Our site provides a upload form for our members to upload photos which we then store and allow them to share. We use a simple form POST to enable the upload and then process the files with Perl's CGI.pm. Here is our Apache setup:

Apache/2.0.63 (Unix) mod_ssl/2.0.63 OpenSSL/0.9.8e-fips-rhel5 mod_auth_passthrough/2.1 mod_bwlimited/1.4 FrontPage/5.0.2.2635

For some reason small percentage of our users are running into an issue where the upload times out and fails. Here is what is reported in our Apache logs on failure:

(104)Connection reset by peer: Error reading request entity data, referer: http://domain.com/upload/photo

At first we thought that it might be due to not having the $CGI::POST_MAX set too low so large photos were being rejected.
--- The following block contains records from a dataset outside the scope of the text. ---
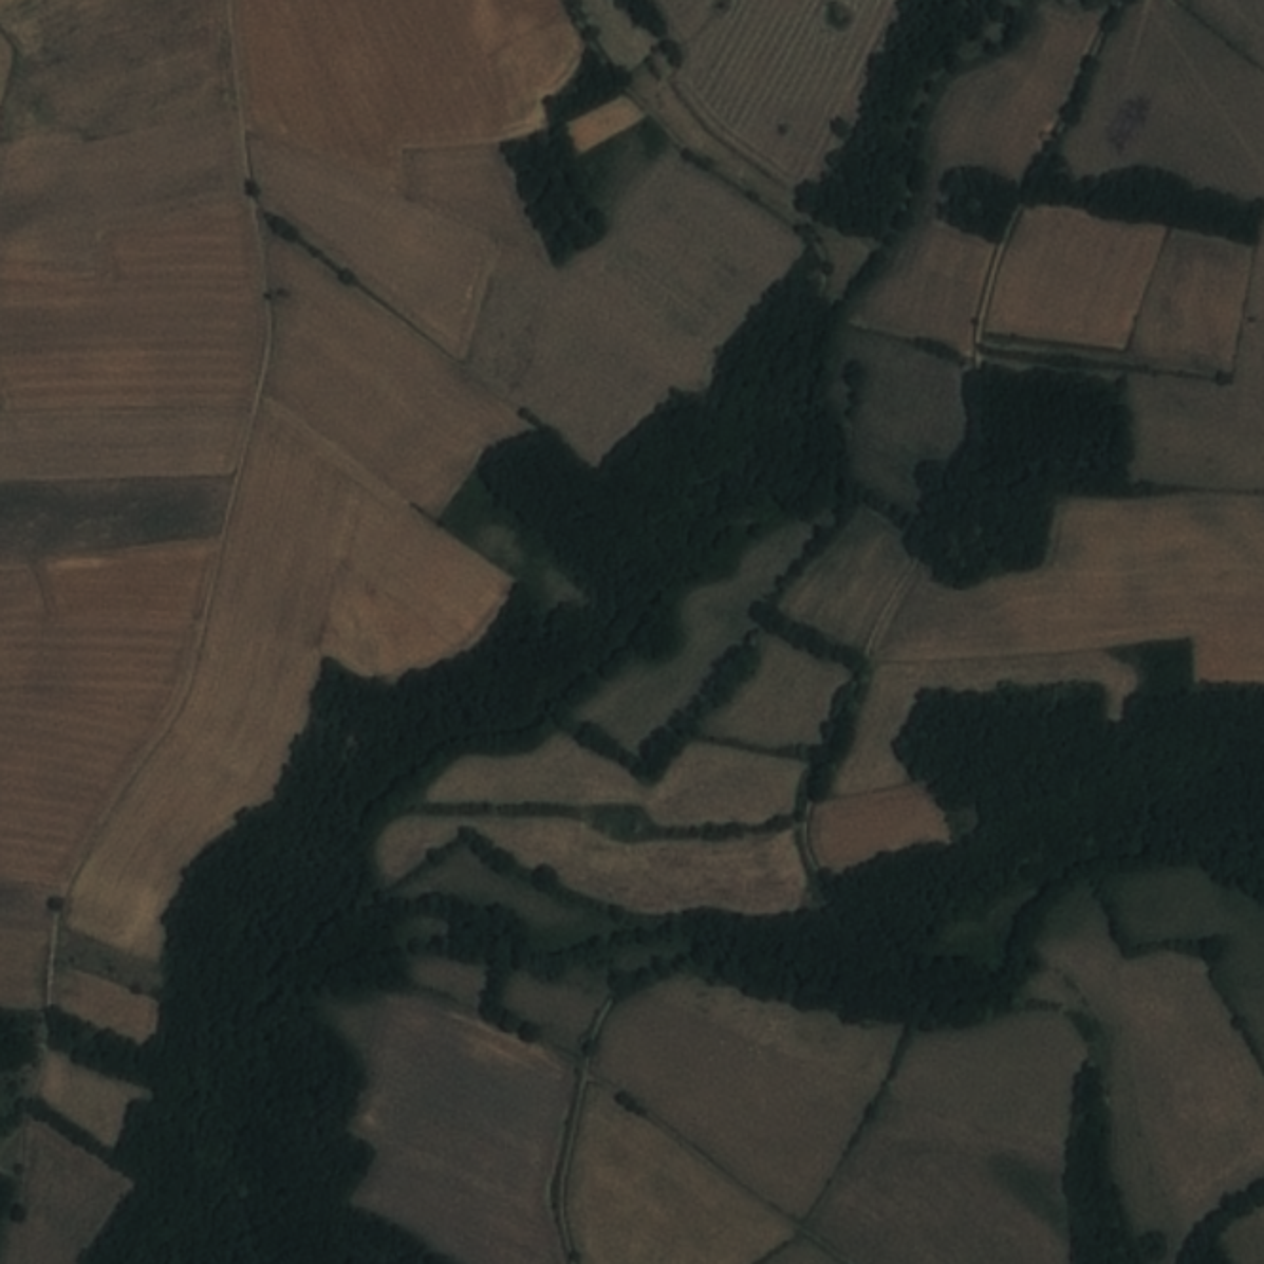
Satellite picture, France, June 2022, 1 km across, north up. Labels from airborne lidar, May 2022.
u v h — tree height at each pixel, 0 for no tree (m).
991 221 12
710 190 0
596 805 0
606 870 0
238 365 0
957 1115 0
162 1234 20
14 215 0
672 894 0
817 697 0
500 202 0
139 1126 12
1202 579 0
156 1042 13
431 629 0
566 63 0
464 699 20
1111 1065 0
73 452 0
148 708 0
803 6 0
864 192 10
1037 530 13
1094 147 0
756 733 0
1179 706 14
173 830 0
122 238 0
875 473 0
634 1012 0
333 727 11
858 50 0
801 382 13
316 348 0
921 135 13
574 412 0
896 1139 0
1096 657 0
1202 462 0
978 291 0
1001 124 0
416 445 0
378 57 0
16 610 0
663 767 11
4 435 0
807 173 0
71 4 0
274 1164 21
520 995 0
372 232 0
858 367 12
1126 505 0
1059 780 16
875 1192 0
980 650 0
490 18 0
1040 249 0
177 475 0
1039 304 0
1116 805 19
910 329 0
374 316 0
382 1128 0
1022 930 15
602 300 0
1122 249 0
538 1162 0
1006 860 17
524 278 0
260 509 0
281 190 0
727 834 12
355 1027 0
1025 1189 0
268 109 0
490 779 0
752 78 0
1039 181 16
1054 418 12
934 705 13
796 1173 0
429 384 0
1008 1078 0
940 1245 0
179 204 0
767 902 0
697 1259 0
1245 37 0
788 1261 0
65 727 0
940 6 13
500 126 0
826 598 0
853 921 20
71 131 0
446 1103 0
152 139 0
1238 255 0
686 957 13
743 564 0
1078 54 0
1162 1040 0
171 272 0
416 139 0
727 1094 0
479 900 0
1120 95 0
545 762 0
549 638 19
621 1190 0
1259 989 0
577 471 17
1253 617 0
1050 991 0
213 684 0
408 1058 0
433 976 0
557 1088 0
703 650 0
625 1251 0
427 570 0
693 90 0
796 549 0
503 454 16
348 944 12
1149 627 0
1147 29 0
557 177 12
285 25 0
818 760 16
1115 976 0
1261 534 0
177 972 11
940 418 0
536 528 16
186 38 0
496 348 0
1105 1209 11
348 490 0
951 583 12
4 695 0
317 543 0
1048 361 6
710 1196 0
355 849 21
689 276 0
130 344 0
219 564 0
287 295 7
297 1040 15
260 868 16
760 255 0
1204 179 0
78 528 0
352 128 0
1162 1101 0
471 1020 0
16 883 0
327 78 0
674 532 17
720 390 10
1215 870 18
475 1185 0
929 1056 0
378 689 21
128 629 0
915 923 18
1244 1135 0
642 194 0
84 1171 0
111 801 0
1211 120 0
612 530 16
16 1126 10
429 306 0
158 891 0
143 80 0
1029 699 11
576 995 0
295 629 0
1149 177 16
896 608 0
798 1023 0
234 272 0
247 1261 27
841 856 0
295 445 0
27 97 0
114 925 0
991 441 15
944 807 15
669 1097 0
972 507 21
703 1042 0
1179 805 17
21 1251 0
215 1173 18
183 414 0
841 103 0

Even after increasing this to 100 MB it is still occurring. We can't replicate the issue and there doesn't seem to be any rhyme or reason to which users are running into problems since it's happening in different browsers, operating systems, etc. We're also not sure if it's an issue related to Perl or to our Apache settings.

I'd appreciate any advice on what might be causing this to happen and suggestions on how to resolve the problem. Thanks in advance for your help!

A: 

You can try to increase "Timeout" setting in Apache's config in case it's just the network having slowness spikes.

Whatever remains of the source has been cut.